◆ **Activity**
Among the entries, how many lines carry the string "medium"? Give the number and nothing else.

◆ **Task input**
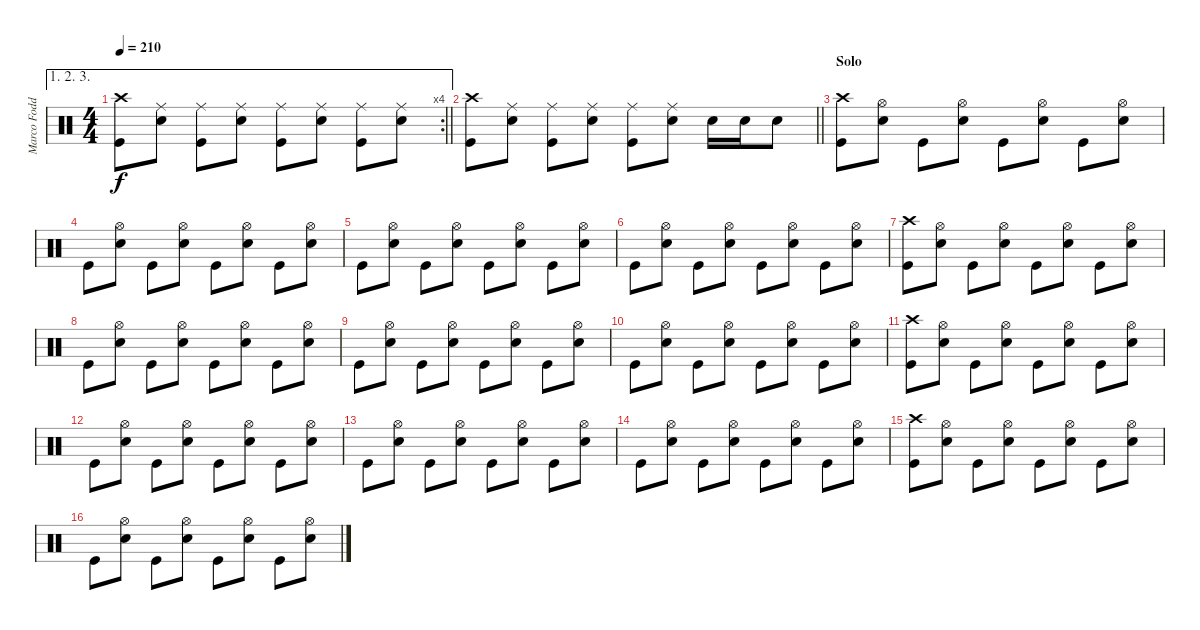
\track ("Marco Foddis" "Marco Fodd") {instrument percussion}
\staff {score}
\articulation defaults
\ae (1 2 3)
\rc 4
\ts (4 4)
\tempo 210
\clef neutral
\barLineRight lightlight
\ks c
("Crash high (hit)" "Kick (hit)").8{dy f} ("Ride (middle)" "Snare (hit) 2").8 ("Ride (middle)" "Kick (hit)").8 ("Ride (middle)" "Snare (hit) 2").8 ("Ride (middle)" "Kick (hit)").8 ("Ride (middle)" "Snare (hit) 2").8 ("Ride (middle)" "Kick (hit)").8 ("Ride (middle)" "Snare (hit) 2").8 |
\barLineRight lightlight
("Crash high (hit)" "Kick (hit)").8 ("Ride (middle)" "Snare (hit) 2").8 ("Ride (middle)" "Kick (hit)").8 ("Ride (middle)" "Snare (hit) 2").8 ("Ride (middle)" "Kick (hit)").8 ("Ride (middle)" "Snare (hit) 2").8 "Snare (hit) 2".16 "Snare (hit) 2".16 "Snare (hit) 2".8 |
\section ("" "Solo")
("Crash high (hit)" "Kick (hit)").8 ("Hi-Hat (open)" "Snare (hit) 2").8 "Kick (hit)".8 ("Hi-Hat (open)" "Snare (hit) 2").8 "Kick (hit)".8 ("Hi-Hat (open)" "Snare (hit) 2").8 "Kick (hit)".8 ("Hi-Hat (open)" "Snare (hit) 2").8 |
"Kick (hit)".8 ("Hi-Hat (open)" "Snare (hit) 2").8 "Kick (hit)".8 ("Hi-Hat (open)" "Snare (hit) 2").8 "Kick (hit)".8 ("Hi-Hat (open)" "Snare (hit) 2").8 "Kick (hit)".8 ("Hi-Hat (open)" "Snare (hit) 2").8 |
"Kick (hit)".8 ("Hi-Hat (open)" "Snare (hit) 2").8 "Kick (hit)".8 ("Hi-Hat (open)" "Snare (hit) 2").8 "Kick (hit)".8 ("Hi-Hat (open)" "Snare (hit) 2").8 "Kick (hit)".8 ("Hi-Hat (open)" "Snare (hit) 2").8 |
"Kick (hit)".8 ("Hi-Hat (open)" "Snare (hit) 2").8 "Kick (hit)".8 ("Hi-Hat (open)" "Snare (hit) 2").8 "Kick (hit)".8 ("Hi-Hat (open)" "Snare (hit) 2").8 "Kick (hit)".8 ("Hi-Hat (open)" "Snare (hit) 2").8 |
("Crash high (hit)" "Kick (hit)").8 ("Hi-Hat (open)" "Snare (hit) 2").8 "Kick (hit)".8 ("Hi-Hat (open)" "Snare (hit) 2").8 "Kick (hit)".8 ("Hi-Hat (open)" "Snare (hit) 2").8 "Kick (hit)".8 ("Hi-Hat (open)" "Snare (hit) 2").8 |
"Kick (hit)".8 ("Hi-Hat (open)" "Snare (hit) 2").8 "Kick (hit)".8 ("Hi-Hat (open)" "Snare (hit) 2").8 "Kick (hit)".8 ("Hi-Hat (open)" "Snare (hit) 2").8 "Kick (hit)".8 ("Hi-Hat (open)" "Snare (hit) 2").8 |
"Kick (hit)".8 ("Hi-Hat (open)" "Snare (hit) 2").8 "Kick (hit)".8 ("Hi-Hat (open)" "Snare (hit) 2").8 "Kick (hit)".8 ("Hi-Hat (open)" "Snare (hit) 2").8 "Kick (hit)".8 ("Hi-Hat (open)" "Snare (hit) 2").8 |
"Kick (hit)".8 ("Hi-Hat (open)" "Snare (hit) 2").8 "Kick (hit)".8 ("Hi-Hat (open)" "Snare (hit) 2").8 "Kick (hit)".8 ("Hi-Hat (open)" "Snare (hit) 2").8 "Kick (hit)".8 ("Hi-Hat (open)" "Snare (hit) 2").8 |
("Crash high (hit)" "Kick (hit)").8 ("Hi-Hat (open)" "Snare (hit) 2").8 "Kick (hit)".8 ("Hi-Hat (open)" "Snare (hit) 2").8 "Kick (hit)".8 ("Hi-Hat (open)" "Snare (hit) 2").8 "Kick (hit)".8 ("Hi-Hat (open)" "Snare (hit) 2").8 |
"Kick (hit)".8 ("Hi-Hat (open)" "Snare (hit) 2").8 "Kick (hit)".8 ("Hi-Hat (open)" "Snare (hit) 2").8 "Kick (hit)".8 ("Hi-Hat (open)" "Snare (hit) 2").8 "Kick (hit)".8 ("Hi-Hat (open)" "Snare (hit) 2").8 |
"Kick (hit)".8 ("Hi-Hat (open)" "Snare (hit) 2").8 "Kick (hit)".8 ("Hi-Hat (open)" "Snare (hit) 2").8 "Kick (hit)".8 ("Hi-Hat (open)" "Snare (hit) 2").8 "Kick (hit)".8 ("Hi-Hat (open)" "Snare (hit) 2").8 |
"Kick (hit)".8 ("Hi-Hat (open)" "Snare (hit) 2").8 "Kick (hit)".8 ("Hi-Hat (open)" "Snare (hit) 2").8 "Kick (hit)".8 ("Hi-Hat (open)" "Snare (hit) 2").8 "Kick (hit)".8 ("Hi-Hat (open)" "Snare (hit) 2").8 |
("Crash high (hit)" "Kick (hit)").8 ("Hi-Hat (open)" "Snare (hit) 2").8 "Kick (hit)".8 ("Hi-Hat (open)" "Snare (hit) 2").8 "Kick (hit)".8 ("Hi-Hat (open)" "Snare (hit) 2").8 "Kick (hit)".8 ("Hi-Hat (open)" "Snare (hit) 2").8 |
"Kick (hit)".8 ("Hi-Hat (open)" "Snare (hit) 2").8 "Kick (hit)".8 ("Hi-Hat (open)" "Snare (hit) 2").8 "Kick (hit)".8 ("Hi-Hat (open)" "Snare (hit) 2").8 "Kick (hit)".8 ("Hi-Hat (open)" "Snare (hit) 2").8
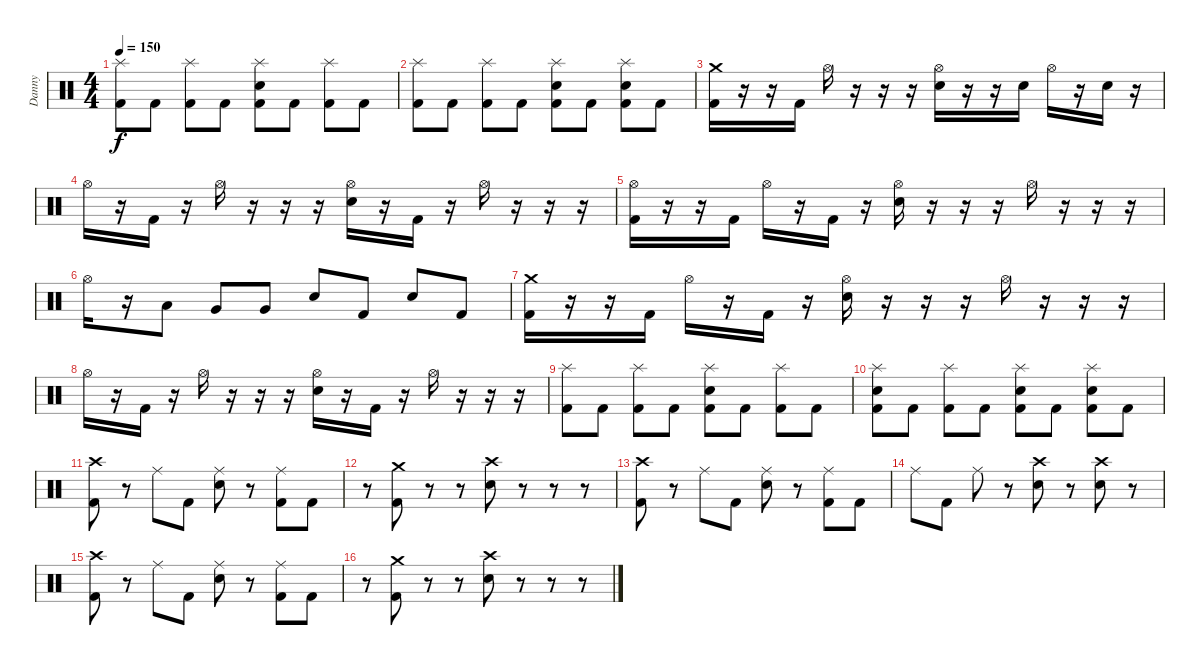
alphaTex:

\track ("Danny" "Danny") {instrument percussion}
\staff {score}
\articulation defaults
\ts (4 4)
\tempo 150
\clef neutral
\ks c
("Splash (hit)" "Kick (hit) 2").8{dy f} "Kick (hit) 2".8 ("Splash (hit)" "Kick (hit) 2").8 "Kick (hit) 2".8 ("Splash (hit)" "Electric Snare (hit)" "Kick (hit) 2").8 "Kick (hit) 2".8 ("Splash (hit)" "Kick (hit) 2").8 "Kick (hit) 2".8 |
("Splash (hit)" "Kick (hit) 2").8 "Kick (hit) 2".8 ("Splash (hit)" "Kick (hit) 2").8 "Kick (hit) 2".8 ("Splash (hit)" "Electric Snare (hit)" "Kick (hit) 2").8 "Kick (hit) 2".8 ("Splash (hit)" "Electric Snare (hit)" "Kick (hit) 2").8 "Kick (hit) 2".8 |
("Crash medium (hit)" "Kick (hit) 2").16 r.16 r.16 "Kick (hit) 2".16 "Hi-Hat (open)".16 r.16 r.16 r.16 ("Hi-Hat (open)" "Electric Snare (hit)").16 r.16 r.16 "Electric Snare (hit)".16 "Hi-Hat (open)".16 r.16 "Electric Snare (hit)".16 r.16 |
"Hi-Hat (open)".16 r.16 "Kick (hit) 2".16 r.16 "Hi-Hat (open)".16 r.16 r.16 r.16 ("Hi-Hat (open)" "Electric Snare (hit)").16 r.16 "Kick (hit) 2".16 r.16 "Hi-Hat (open)".16 r.16 r.16 r.16 |
("Hi-Hat (open)" "Kick (hit) 2").16 r.16 r.16 "Kick (hit) 2".16 "Hi-Hat (open)".16 r.16 "Kick (hit) 2".16 r.16 ("Hi-Hat (open)" "Electric Snare (hit)").16 r.16 r.16 r.16 "Hi-Hat (open)".16 r.16 r.16 r.16 |
"Hi-Hat (open)".16 r.16 "Low Tom (hit)".8 "Very Low Tom (hit)".8 "Very Low Tom (hit)".8 "Electric Snare (hit)".8 "Kick (hit) 2".8 "Electric Snare (hit)".8 "Kick (hit) 2".8 |
("Crash medium (hit)" "Kick (hit) 2").16 r.16 r.16 "Kick (hit) 2".16 "Hi-Hat (open)".16 r.16 "Kick (hit) 2".16 r.16 ("Hi-Hat (open)" "Electric Snare (hit)").16 r.16 r.16 r.16 "Hi-Hat (open)".16 r.16 r.16 r.16 |
"Hi-Hat (open)".16 r.16 "Kick (hit) 2".16 r.16 "Hi-Hat (open)".16 r.16 r.16 r.16 ("Hi-Hat (open)" "Electric Snare (hit)").16 r.16 "Kick (hit) 2".16 r.16 "Hi-Hat (open)".16 r.16 r.16 r.16 |
("Splash (hit)" "Kick (hit) 2").8 "Kick (hit) 2".8 ("Splash (hit)" "Kick (hit) 2").8 "Kick (hit) 2".8 ("Splash (hit)" "Electric Snare (hit)" "Kick (hit) 2").8 "Kick (hit) 2".8 ("Splash (hit)" "Kick (hit) 2").8 "Kick (hit) 2".8 |
("Splash (hit)" "Electric Snare (hit)" "Kick (hit) 2").8 "Kick (hit) 2".8 ("Splash (hit)" "Kick (hit) 2").8 "Kick (hit) 2".8 ("Splash (hit)" "Electric Snare (hit)" "Kick (hit) 2").8 "Kick (hit) 2".8 ("Splash (hit)" "Electric Snare (hit)" "Kick (hit) 2").8 "Kick (hit) 2".8 |
("Crash high (hit)" "Kick (hit) 2").8 r.8 "Ride (middle)".8 "Kick (hit) 2".8 ("Ride (middle)" "Electric Snare (hit)").8 r.8 ("Ride (middle)" "Kick (hit) 2").8 "Kick (hit) 2".8 |
r.8 ("Crash medium (hit)" "Kick (hit) 2").8 r.8 r.8 ("Crash high (hit)" "Electric Snare (hit)").8 r.8 r.8 r.8 |
("Crash high (hit)" "Kick (hit) 2").8 r.8 "Ride (middle)".8 "Kick (hit) 2".8 ("Ride (middle)" "Electric Snare (hit)").8 r.8 ("Ride (middle)" "Kick (hit) 2").8 "Kick (hit) 2".8 |
"Ride (middle)".8 "Kick (hit) 2".8 "Ride (middle)".8 r.8 ("Crash high (hit)" "Electric Snare (hit)").8 r.8 ("Crash high (hit)" "Electric Snare (hit)").8 r.8 |
("Crash high (hit)" "Kick (hit) 2").8 r.8 "Ride (middle)".8 "Kick (hit) 2".8 ("Ride (middle)" "Electric Snare (hit)").8 r.8 ("Ride (middle)" "Kick (hit) 2").8 "Kick (hit) 2".8 |
r.8 ("Crash medium (hit)" "Kick (hit) 2").8 r.8 r.8 ("Crash high (hit)" "Electric Snare (hit)").8 r.8 r.8 r.8
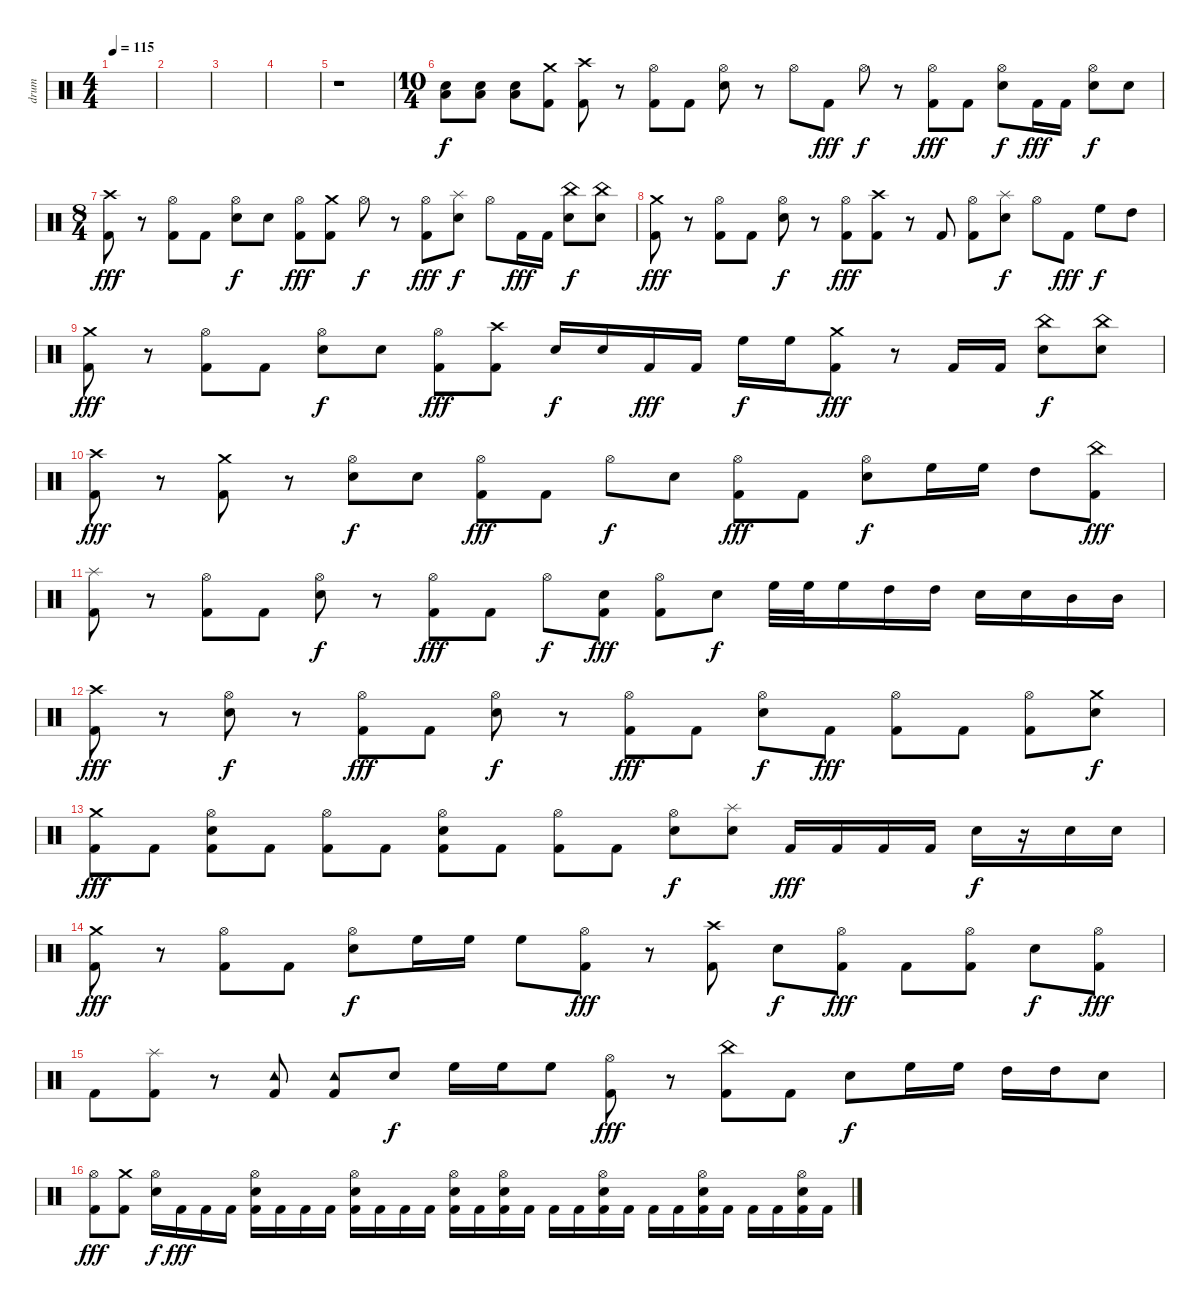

◆ **Completed exercise**
4